Critique littéraire : L’oeil soldat de Larry Tremblay

Depuis le début de sa carrière il y a environ 40 ans, le prolifique auteur et dramaturge Larry Tremblay n’a cessé de surprendre par sa capacité à se réinventer tout en conservant un ton qui lui est propre, chacune de ses oeuvres témoignant de la puissance de son imagination. L’oeil soldat, son plus récent ouvrage paru aux éditions La Peuplade, ne fait pas exception.

L’auteur, originaire de Chicoutimi et à qui l’on doit entre autres l’oeuvre à succès L’orangeraie, manie habilement la langue, de sorte que l’on se sent porté par ce récit poétique poignant, lisant d’un trait les quelques 75 pages qui le compose. Si l’on s’arrête quelques fois dans notre élan, ce n’est que pour mieux apprécier un passage. On relit pour prendre la pleine mesure des images que dessine sous nos yeux le champ lexical riche et évocateur de l’oeuvre.

L’oeil soldat, récit se divisant en deux parties, se veut une incursion dans le monde de la violence, de la guerre, du sang, mais aussi dans celui de la vie qui s’accroche et résiste malgré l’horreur.

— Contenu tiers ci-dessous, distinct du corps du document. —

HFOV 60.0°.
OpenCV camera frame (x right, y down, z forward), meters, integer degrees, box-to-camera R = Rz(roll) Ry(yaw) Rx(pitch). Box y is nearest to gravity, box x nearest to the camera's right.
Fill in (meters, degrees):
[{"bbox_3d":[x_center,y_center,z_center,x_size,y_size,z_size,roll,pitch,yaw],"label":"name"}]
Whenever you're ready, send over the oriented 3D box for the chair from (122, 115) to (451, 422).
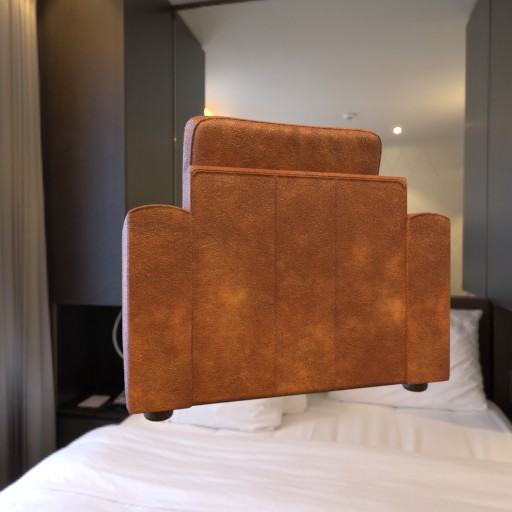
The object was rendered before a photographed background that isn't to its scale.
[{"bbox_3d":[0.000,0.000,1.751,1.005,0.873,1.016,0,1,-17],"label":"chair"}]

D’abord, il y a l’oeil gauche qui voit l’enfance, ses petits maux et ses petites victoires, l’adolescence et toutes ses découvertes, la vision du monde du jeune adulte devenu soldat, qui sera dorénavant entaché :

« Il pleut des morts

mais cette pluie

ne lave rien

n’étanche rien

Sous une branche

une bête boit du sang

j’ai vingt-deux ans

je suis coincé

Mon oeil soldat

n’arrive plus à se fermer ». (p.49)

Ensuite, il y a l’oeil droit, qui dénonce le Mal, s’emporte contre les bassesses de l’humanité et témoigne de l’empreinte indélébile que laisse le combat sur l’âme du soldat, allant jusqu’à suggérer que seule une fin définitive permet d’y échapper et d’atteindre la délivrance :

« J’arrache ma chemise tachée de mort.

Je dépose ma fatigue de métal. »

(…)

« Aujourd’hui,

je ferme mon oeil soldat. » (p. 75-76)

Au final, il y a le talent indéniable d’un auteur qui vise juste et vient nous bouleverser, une fois de plus.